SEÇÕES

Lei permite divulgação dos rostos de criminosos em lojas: “Sem moleza para bandido”

O projeto batizado de 'Lei Luciano Hang' foi aprovado na Câmara Federal e agora segue para apreciação do Senado.

Havan expôs rostos de pessoas que cometeram furtos e arrombamentos em suas lojas. | Foto: Reprodução
Siga-nos no

A Câmara dos Deputados aprovou, nesta semana, o chamado “Projeto de Lei Luciano Hang”, proposta que autoriza a divulgação de imagens de pessoas flagradas cometendo crimes em estabelecimentos comerciais. O texto ainda seguirá para análise no Senado antes de entrar em vigor.

A iniciativa é de autoria da deputada Bia Kicis (PL-DF) e propõe alterações na Lei Geral de Proteção de Dados (LGPD), criando exceções para o uso e compartilhamento de dados pessoais em situações de flagrante delito.

REGRAS PARA DIVULGAÇÃO

De acordo com o projeto, a exposição das imagens não será irrestrita. A medida prevê critérios como finalidade legítima, proteção de terceiros e respeito aos princípios de necessidade e proporcionalidade.

O objetivo é permitir que comerciantes possam agir diante de crimes recorrentes, sem ferir totalmente as normas de proteção de dados.

DEFESA DA PROPOSTA

O deputado Luiz Fernando Vampiro (MDB-SC) classificou a aprovação como um avanço no combate à criminalidade no comércio.

É criminoso e precisa ser efetivamente publicitado todo o ato delinquente em estabelecimento comercial”, afirmou.

AUMENTO DE FURTOS

A proposta ganhou força após o crescimento de ocorrências em redes varejistas, como a Havan, pertencente ao empresário Luciano Hang.

Segundo dados apresentados pela empresa, houve aumento significativo de furtos, arrombamentos e atos de vandalismo nos últimos meses. Apenas em setembro do ano passado, foram registradas 64 ocorrências — quase metade de todos os casos contabilizados ao longo de 2025.

EXPOSIÇÃO COMO DISSUASÃO

De acordo com Luciano Hang, o crescimento dos crimes está relacionado à retirada de vídeos que exibiam suspeitos em ação, conhecidos como “amostradinhos”.
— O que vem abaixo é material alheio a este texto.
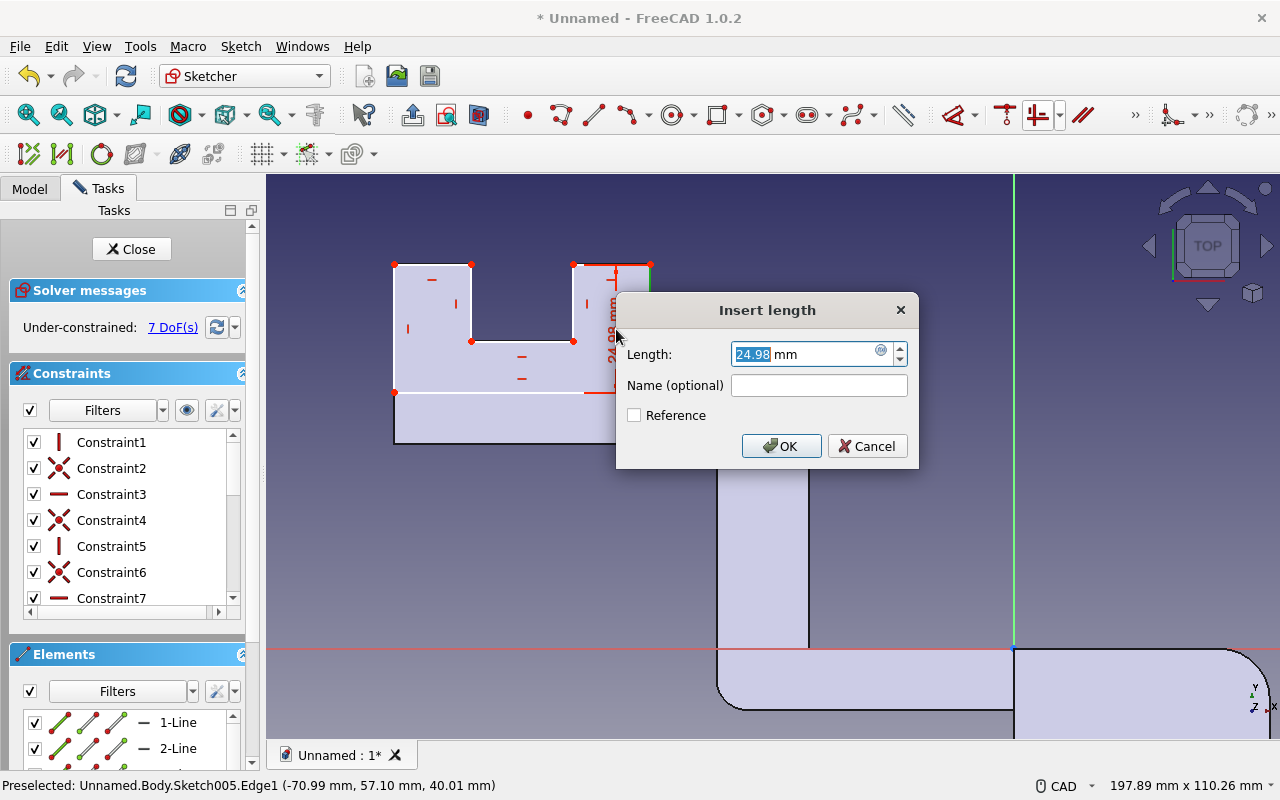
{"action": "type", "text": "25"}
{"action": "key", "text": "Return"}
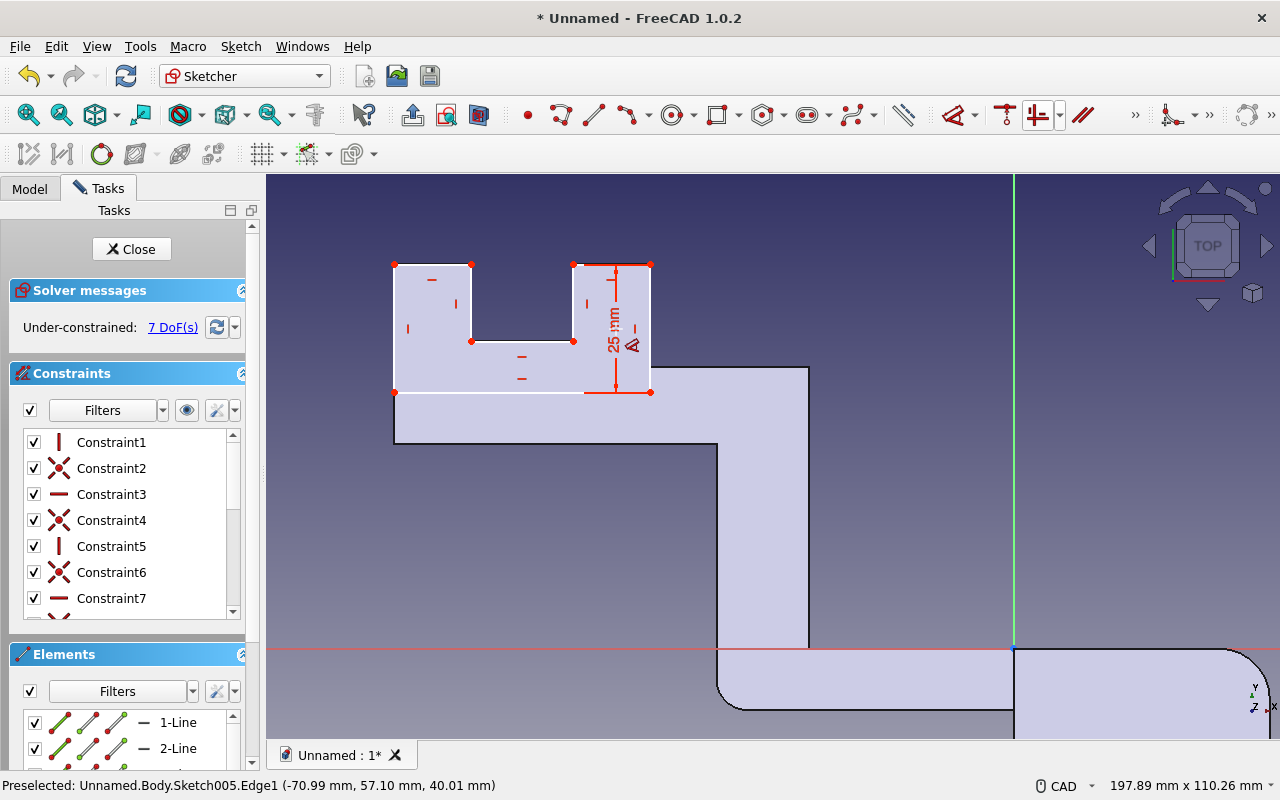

Percebemos que os criminosos não têm medo da justiça ou da polícia, mas sentem vergonha de serem reconhecidos por familiares, amigos, vizinhos ou até por outras vítimas. Quando expostos, pensam duas vezes antes de agir”, declarou.

Diante do cenário, o empresário voltou a divulgar registros, desta vez com os rostos borrados, como forma de chamar atenção para o problema e pressionar por mudanças legais.

COBRANÇA POR MEDIDAS MAIS DURAS

Hang também defendeu o endurecimento das leis e o uso de tecnologia como ferramentas de combate à criminalidade.

Não podemos permitir que a criminalidade avance sem controle. É preciso endurecer as leis e investir em tecnologia para proteger a população e garantir um Brasil seguro”, destacou.

Em outro trecho, reforçou o monitoramento interno da rede: “Não damos moleza aos bandidos. Todas são cadastradas em nosso banco de dados e, em qualquer uma das lojas que entrarem, nosso monitoramento é imediatamente alertado”.

PRÓXIMOS PASSOS

Com a aprovação na Câmara, o projeto segue agora para o Senado Federal. Caso seja aprovado sem alterações, poderá representar uma mudança significativa na forma como empresas lidam com crimes dentro de seus estabelecimentos, equilibrando segurança e proteção de dados.